91G vs 890A
Fire Control Repairer (USA) vs Ammunition Warrant Officer (USA)
Same green uniform, different buildings, same parking lot argument about who actually works harder. The debate predates both MOS codes.
Two truths from the same military. Truth one, courtesy of 91G: the technical work involves optics alignment, electronic component troubleshooting, computer calibration, and sensor maintenance — a combination of precision mechanical work and electronics troubleshooting that is more sophisticated than most Army maintenance. Truth two, courtesy of 890A: you will know more about propellants, fuzes, ammunition compatibility, and storage requirements than virtually anyone in the Army, and that knowledge is non-trivial to acquire. Both verified. Both real. Both coexisting in the same organizational chart without any apparent awareness of each other. Same Commander-in-Chief, different everything else between the oath and the DD-214.
After the Uniform
The part the recruiter skips: what each job actually translates to once you're a civilian — and what it pays.
Salary data from the U.S. Bureau of Labor Statistics Occupational Employment and Wage Statistics program. A guide, not a guarantee.
Recruiter vs. Reality
The pitch versus what people who actually did the job report back.
“You'll maintain the fire control systems that make Army weapons accurate — gun sights, targeting computers, thermal imaging systems, and laser rangefinders on tanks, IFVs, and crew-served weapons. Fire control systems require precision maintenance and calibration that tolerates no error — a standard that develops technical discipline the civilian sector values. Defense contractors who support fire control systems on contract with the Army, Raytheon, BAE, and General Dynamics all employ 91G veterans for depot-level repair and field service representative positions. Precision optics and electro-optical systems maintenance is a civilian career field in its own right.”
Fire control systems are what make weapons accurate: the thermal sights, ballistic computers, laser rangefinders, and targeting systems on Abrams tanks, Bradley IFVs, and other weapon platforms. When fire control fails, the weapon can't shoot accurately, which makes your maintenance work operationally critical and your SFC's demeanor highly focused. The technical work involves optics alignment, electronic component troubleshooting, computer calibration, and sensor maintenance — a combination of precision mechanical work and electronics troubleshooting that is more sophisticated than most Army maintenance. Your TMs are dense and your calibration standards are tight because the tolerances on fire control systems are set by physics and ballistics, not by whoever was available to write the maintenance standard. Defense contractors who build these systems — BAE Systems, Elbit Systems, DRS Technologies, General Dynamics — need people who understand them from the user and maintainer side. The transition to defense contractor field service representative, technical advisor, or systems maintenance roles is direct. Your electronics troubleshooting background also supports broader defense electronics and government contractor careers.
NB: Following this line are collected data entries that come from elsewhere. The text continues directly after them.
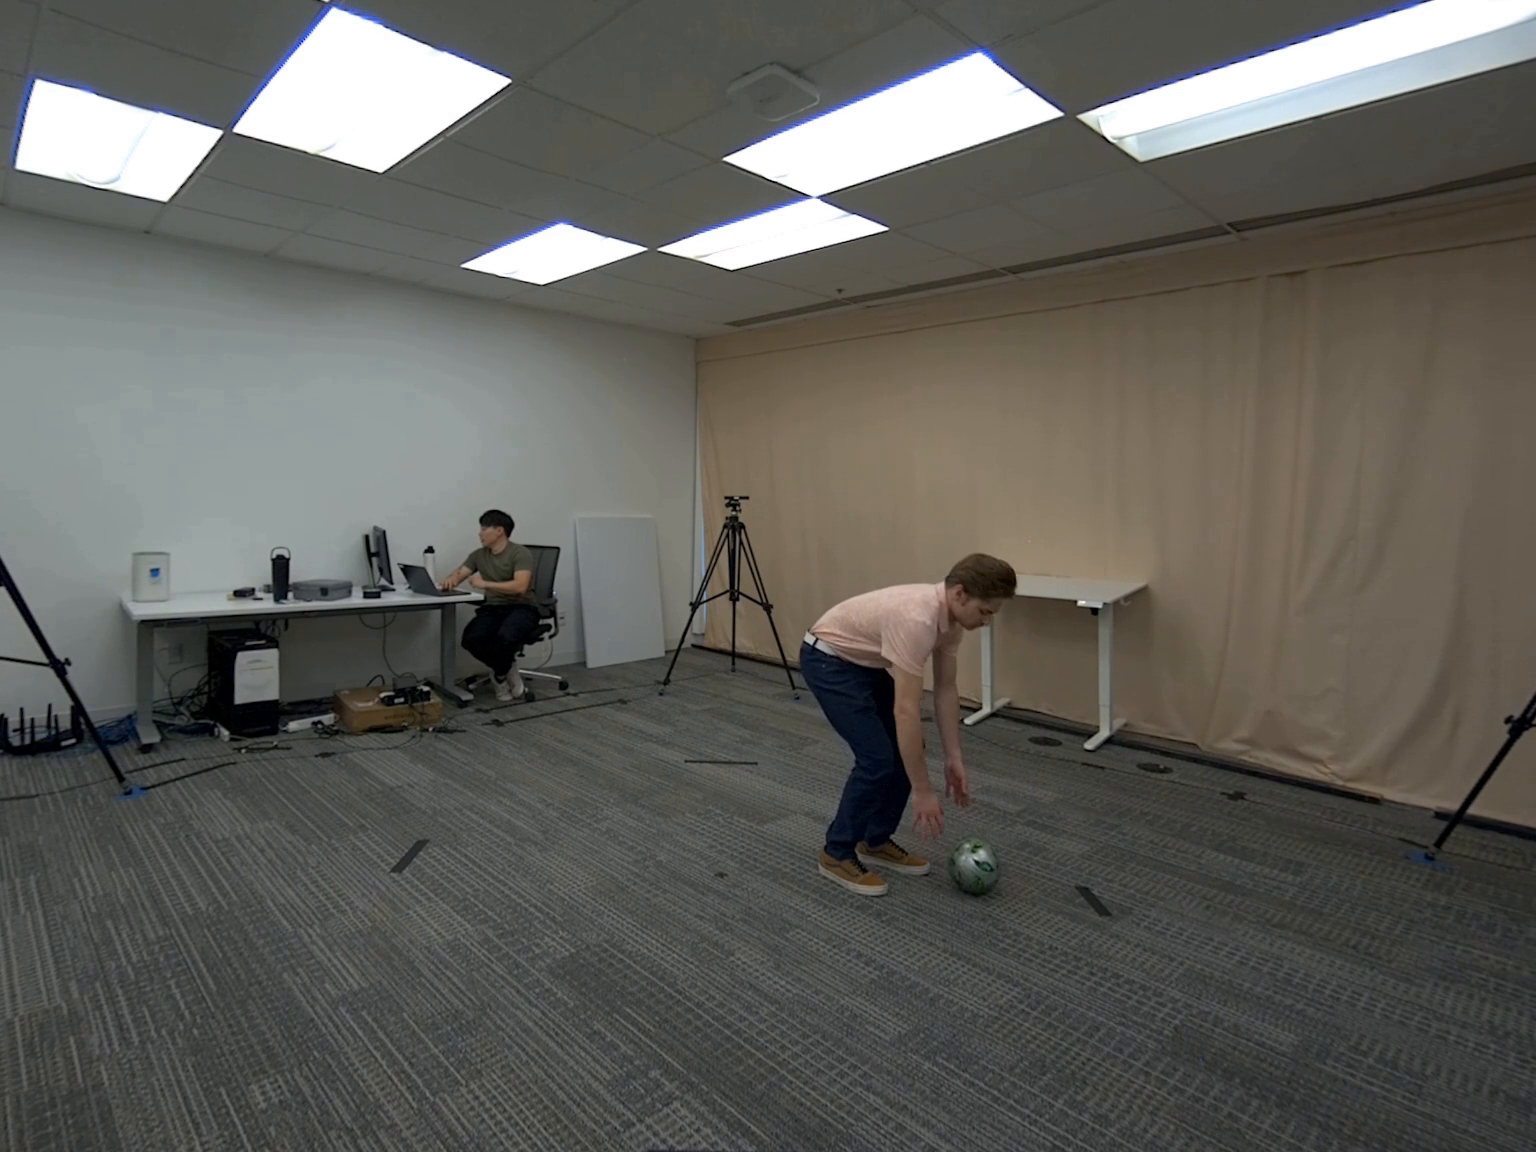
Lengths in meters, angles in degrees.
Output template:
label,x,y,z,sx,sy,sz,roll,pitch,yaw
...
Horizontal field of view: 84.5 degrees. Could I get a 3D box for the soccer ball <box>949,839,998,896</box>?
label,x,y,z,sx,sy,sz,roll,pitch,yaw
soccer ball,0.729,1.038,3.022,0.187,0.187,0.188,1,4,-1
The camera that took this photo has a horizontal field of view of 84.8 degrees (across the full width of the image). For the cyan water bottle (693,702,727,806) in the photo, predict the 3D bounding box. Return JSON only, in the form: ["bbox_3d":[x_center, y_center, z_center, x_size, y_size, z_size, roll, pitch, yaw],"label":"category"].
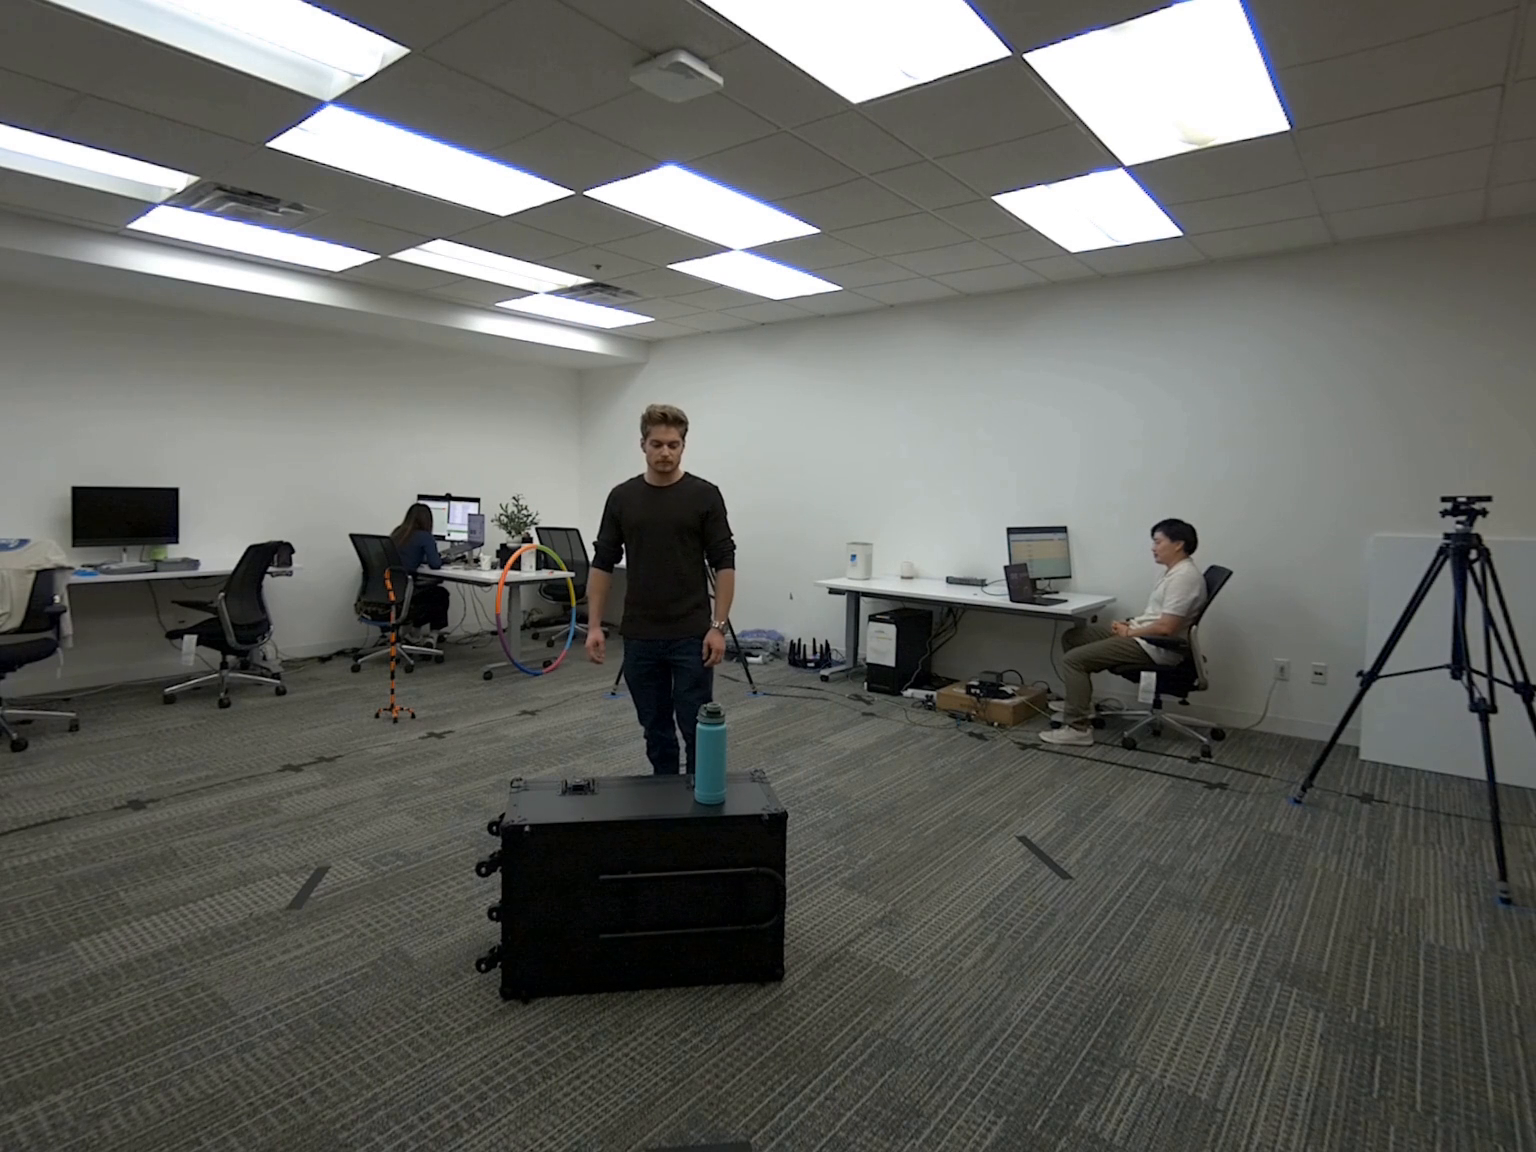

“You'll be the Army's ammunition technical expert — the warrant officer who ensures that conventional ammunition is properly stored, maintained, inspected, and accounted for from depot to firing point. Ammunition technical work requires the kind of meticulous safety consciousness and regulatory knowledge that most technical fields only approximate, because the consequences of failure are not rework — they are fatalities. Defense contractor positions supporting Army ammunition programs, depot operations, and range safety management actively recruit 890As. ATK, General Dynamics, and BAE Systems all have persistent demand for ammunition technical expertise with Army operational experience.”
The 890A warrant is the explosives technical expert that the Army's ammunition enterprise runs on — from basic load management to theater ammunition management offices to the most complex demilitarization and disposal operations. You will know more about propellants, fuzes, ammunition compatibility, and storage requirements than virtually anyone in the Army, and that knowledge is non-trivial to acquire. The hazardous materials aspect is real: ammunition work has killed people and the safety requirements are not bureaucratic overcorrection, they are lessons written in blood. The career can take you from ammunition supply points to EOD-adjacent technical support to theater-level ammunition management at the OIC level. The civilian hazardous materials, explosives, and safety management industries value this background significantly. ATF, FBI, and civilian law enforcement have appetite for ammunition technical expertise. The career tends to attract a specific personality — methodical, detail-oriented, not prone to cowboy improvisation — and that culture self-reinforces over time.